COTTER: Fair enough. I would say from a crowded perspective—I can't comment on the north side because I haven't been over there—but I would say, in terms of the south side, we saw our biggest crowding, I think it was around '93, and that was when the Nepalese government decided to increase the peak fees from around $10,000 US for a permit to around $70,000 US the following year, so it seems around '93 it was a very, very busy time.

Since then, I don't think we've seen as many people on the mountain. It's hard to speak to, but you might be looking, in a year like this year, at 17 different teams with seven to-12 people on each permit. That could correspond to at least 300 people in base camp. And I don't know what the final stats were, but I think somewhere over 400 people summitting from both sides, and up to half of those coming from the south side this year.

But how crowded that really seems on the mountain is kind of dependent on certain factors, such as the weather throughout the season. If you've got good weather, people kind of spread out on the mountain. If you've got a limited number of summit days, (there are only a couple of days that people are able to summit) then it obviously does feel very crowded when all the teams are trying to summit through a short window period.

Overall on the mountain, it can seem relatively busy on certain days, but years like this one with a reasonable amount of good weather, people spread out on the mountain and it does not seem that crowded.

How it all works on the mountain with fixed-ropes, camps, and everything like that, is that—as Dave alluded to—is that with teams coming back year after year things seem very well organized. Everyone has a good system of doing things. We've all worked together before, we all communicate about how things are going to be gotten done, and therefore the whole process of putting in ropes and campsites seems to flow quite well.

JENKINS: Ed, how does this sound to you? Neil, as well? Neil, you were there in '96, we all know that. Ed, you've been there many times. How has it all changed since '96. What are the changes you see?

VIESTURS: Well, I think Dave is correct that a lot of the consistent players tend to be on the south side and there are a few that hang out on the north side, but the north side is getting more and more popular simply because, I think, that the fees are less on the Chinese side so people are going to take advantage of that.

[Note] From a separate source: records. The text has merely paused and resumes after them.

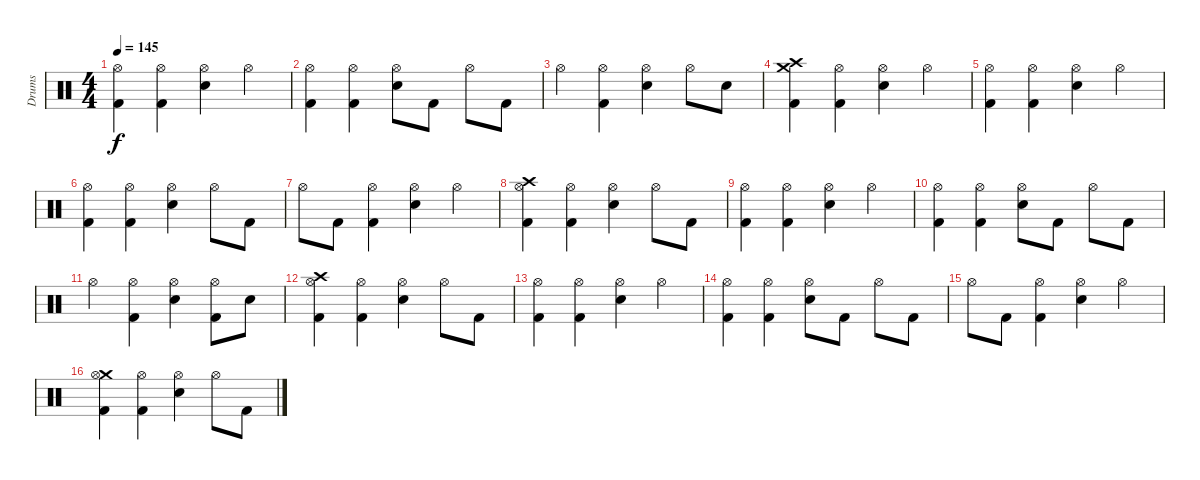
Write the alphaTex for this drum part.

\track ("Drums" "Drums") {instrument percussion}
\staff {score}
\articulation defaults
\ts (4 4)
\tempo 145
\clef neutral
\ks c
("Hi-Hat (open)" "Kick (hit) 2").4{dy f} ("Hi-Hat (open)" "Kick (hit) 2").4 ("Hi-Hat (open)" "Electric Snare (hit)").4 "Hi-Hat (open)".4 |
("Hi-Hat (open)" "Kick (hit) 2").4 ("Hi-Hat (open)" "Kick (hit) 2").4 ("Hi-Hat (open)" "Electric Snare (hit)").8 "Kick (hit) 2".8 "Hi-Hat (open)".8 "Kick (hit) 2".8 |
"Hi-Hat (open)".4 ("Hi-Hat (open)" "Kick (hit) 2").4 ("Hi-Hat (open)" "Electric Snare (hit)").4 "Hi-Hat (open)".8 "Electric Snare (hit)".8 |
("Crash medium (hit)" "Crash high (hit)" "Kick (hit) 2").4 ("Hi-Hat (open)" "Kick (hit) 2").4 ("Hi-Hat (open)" "Electric Snare (hit)").4 "Hi-Hat (open)".4 |
("Hi-Hat (open)" "Kick (hit) 2").4 ("Hi-Hat (open)" "Kick (hit) 2").4 ("Hi-Hat (open)" "Electric Snare (hit)").4 "Hi-Hat (open)".4 |
("Hi-Hat (open)" "Kick (hit) 2").4 ("Hi-Hat (open)" "Kick (hit) 2").4 ("Hi-Hat (open)" "Electric Snare (hit)").4 "Hi-Hat (open)".8 "Kick (hit) 2".8 |
"Hi-Hat (open)".8 "Kick (hit) 2".8 ("Hi-Hat (open)" "Kick (hit) 2").4 ("Hi-Hat (open)" "Electric Snare (hit)").4 "Hi-Hat (open)".4 |
("Crash high (hit)" "Hi-Hat (open)" "Kick (hit) 2").4 ("Hi-Hat (open)" "Kick (hit) 2").4 ("Hi-Hat (open)" "Electric Snare (hit)").4 "Hi-Hat (open)".8 "Kick (hit) 2".8 |
("Hi-Hat (open)" "Kick (hit) 2").4 ("Hi-Hat (open)" "Kick (hit) 2").4 ("Hi-Hat (open)" "Electric Snare (hit)").4 "Hi-Hat (open)".4 |
("Hi-Hat (open)" "Kick (hit) 2").4 ("Hi-Hat (open)" "Kick (hit) 2").4 ("Hi-Hat (open)" "Electric Snare (hit)").8 "Kick (hit) 2".8 "Hi-Hat (open)".8 "Kick (hit) 2".8 |
"Hi-Hat (open)".4 ("Hi-Hat (open)" "Kick (hit) 2").4 ("Hi-Hat (open)" "Electric Snare (hit)").4 ("Hi-Hat (open)" "Kick (hit) 2").8 "Electric Snare (hit)".8 |
("Crash high (hit)" "Hi-Hat (open)" "Kick (hit) 2").4 ("Hi-Hat (open)" "Kick (hit) 2").4 ("Hi-Hat (open)" "Electric Snare (hit)").4 "Hi-Hat (open)".8 "Kick (hit) 2".8 |
("Hi-Hat (open)" "Kick (hit) 2").4 ("Hi-Hat (open)" "Kick (hit) 2").4 ("Hi-Hat (open)" "Electric Snare (hit)").4 "Hi-Hat (open)".4 |
("Hi-Hat (open)" "Kick (hit) 2").4 ("Hi-Hat (open)" "Kick (hit) 2").4 ("Hi-Hat (open)" "Electric Snare (hit)").8 "Kick (hit) 2".8 "Hi-Hat (open)".8 "Kick (hit) 2".8 |
"Hi-Hat (open)".8 "Kick (hit) 2".8 ("Hi-Hat (open)" "Kick (hit) 2").4 ("Hi-Hat (open)" "Electric Snare (hit)").4 "Hi-Hat (open)".4 |
("Crash medium (hit)" "Hi-Hat (open)" "Kick (hit) 2").4 ("Hi-Hat (open)" "Kick (hit) 2").4 ("Hi-Hat (open)" "Electric Snare (hit)").4 "Hi-Hat (open)".8 "Kick (hit) 2".8

But also, on the south side, other than the (what I think) legitimate players, and guide service and outfitters, there are a few people that trickle in with the label of "organized expedition" or "guide service" and really kind of get away with things that we scratch our heads at. And I don't know if that happened this year, if you've seen some of that, but two years ago, we saw a few of those people up there and, um….

JENKINS: What are you talking about Ed, getting with things that you look at askance at, or think might not be safe? Give me an example.

VIESTURS: The way they're guiding, and the types, and level of ability that their clients have. And the level and ability of the person that is actually guiding and leading. That person often has no right to be there themselves, let alone leading a person or a group of people. If something goes wrong, he can't handle it, or they can't handle it. So here we go with a people—that Guy said as well—they got their act together, they're acting cohesively with other groups that communicate and then there's these other groups that kind of "squeeze up, squeeze down."